### Exercise brief
How many lines of the entries below contain the string "each"? State the number alone.

### Data provided
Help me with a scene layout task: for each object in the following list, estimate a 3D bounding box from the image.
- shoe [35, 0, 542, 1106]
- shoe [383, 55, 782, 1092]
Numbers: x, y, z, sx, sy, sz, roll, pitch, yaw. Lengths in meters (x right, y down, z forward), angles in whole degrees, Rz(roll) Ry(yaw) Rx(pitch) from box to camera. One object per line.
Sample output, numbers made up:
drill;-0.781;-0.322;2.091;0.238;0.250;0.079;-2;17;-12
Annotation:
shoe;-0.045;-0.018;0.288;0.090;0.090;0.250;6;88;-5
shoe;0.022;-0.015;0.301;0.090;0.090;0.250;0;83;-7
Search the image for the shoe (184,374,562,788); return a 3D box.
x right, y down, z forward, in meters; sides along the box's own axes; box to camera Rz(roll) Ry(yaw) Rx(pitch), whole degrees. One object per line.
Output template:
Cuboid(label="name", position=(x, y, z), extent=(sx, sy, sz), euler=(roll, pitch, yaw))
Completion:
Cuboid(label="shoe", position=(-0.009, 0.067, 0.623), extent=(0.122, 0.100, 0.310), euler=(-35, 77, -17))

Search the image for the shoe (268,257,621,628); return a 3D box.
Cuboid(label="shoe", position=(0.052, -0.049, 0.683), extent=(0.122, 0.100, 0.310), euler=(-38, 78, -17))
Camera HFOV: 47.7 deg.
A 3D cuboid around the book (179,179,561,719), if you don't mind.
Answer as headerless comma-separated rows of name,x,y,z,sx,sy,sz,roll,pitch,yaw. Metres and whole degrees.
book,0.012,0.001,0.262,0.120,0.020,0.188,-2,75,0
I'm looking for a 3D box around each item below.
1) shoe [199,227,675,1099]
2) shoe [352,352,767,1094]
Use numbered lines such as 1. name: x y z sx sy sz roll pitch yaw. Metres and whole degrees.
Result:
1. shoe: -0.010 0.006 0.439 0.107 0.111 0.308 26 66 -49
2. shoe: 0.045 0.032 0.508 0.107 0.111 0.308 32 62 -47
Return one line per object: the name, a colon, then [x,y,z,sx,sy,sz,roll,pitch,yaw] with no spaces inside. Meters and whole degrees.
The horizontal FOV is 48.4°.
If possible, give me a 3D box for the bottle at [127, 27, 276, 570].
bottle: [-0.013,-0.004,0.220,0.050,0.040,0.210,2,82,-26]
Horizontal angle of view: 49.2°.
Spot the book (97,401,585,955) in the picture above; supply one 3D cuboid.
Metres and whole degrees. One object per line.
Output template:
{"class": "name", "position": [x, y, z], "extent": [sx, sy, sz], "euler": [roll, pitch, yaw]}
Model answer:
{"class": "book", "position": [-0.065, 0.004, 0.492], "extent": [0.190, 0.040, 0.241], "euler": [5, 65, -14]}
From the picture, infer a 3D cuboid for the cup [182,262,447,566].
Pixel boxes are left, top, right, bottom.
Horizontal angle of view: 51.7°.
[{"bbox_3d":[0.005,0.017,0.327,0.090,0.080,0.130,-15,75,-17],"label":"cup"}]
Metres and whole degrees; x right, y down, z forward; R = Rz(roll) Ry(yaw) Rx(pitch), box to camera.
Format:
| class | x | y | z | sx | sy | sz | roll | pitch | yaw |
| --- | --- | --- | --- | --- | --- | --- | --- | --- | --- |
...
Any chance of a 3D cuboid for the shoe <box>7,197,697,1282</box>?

### Result for this task
2